— Task requirements —
The reply to the records below should contain exactly the lines from the line with "Locate the block" through the line with "Given: Navigate to", and nothing besides.

— Supplied data —
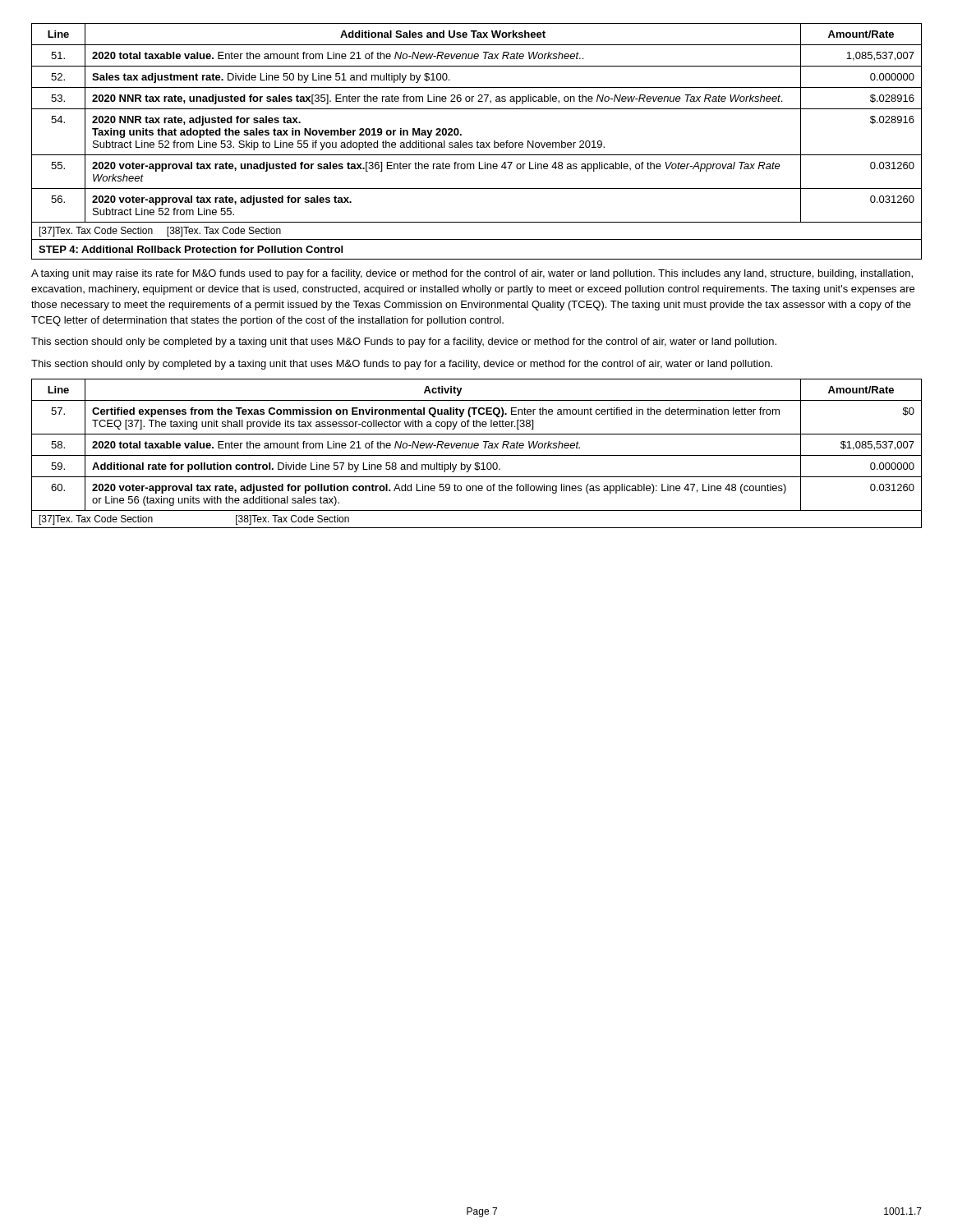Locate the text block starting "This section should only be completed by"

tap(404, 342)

---

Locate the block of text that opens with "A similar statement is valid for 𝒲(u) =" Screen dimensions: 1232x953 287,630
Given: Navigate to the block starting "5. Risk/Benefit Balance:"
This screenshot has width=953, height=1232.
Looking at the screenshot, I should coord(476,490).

==

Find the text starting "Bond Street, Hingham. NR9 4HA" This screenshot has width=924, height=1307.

— Output of the exercise —
Locate the block of text that opens with "A similar statement is valid for 𝒲(u) =" Screen dimensions: 1232x953 287,630
Given: Navigate to the block starting "5. Risk/Benefit Balance:"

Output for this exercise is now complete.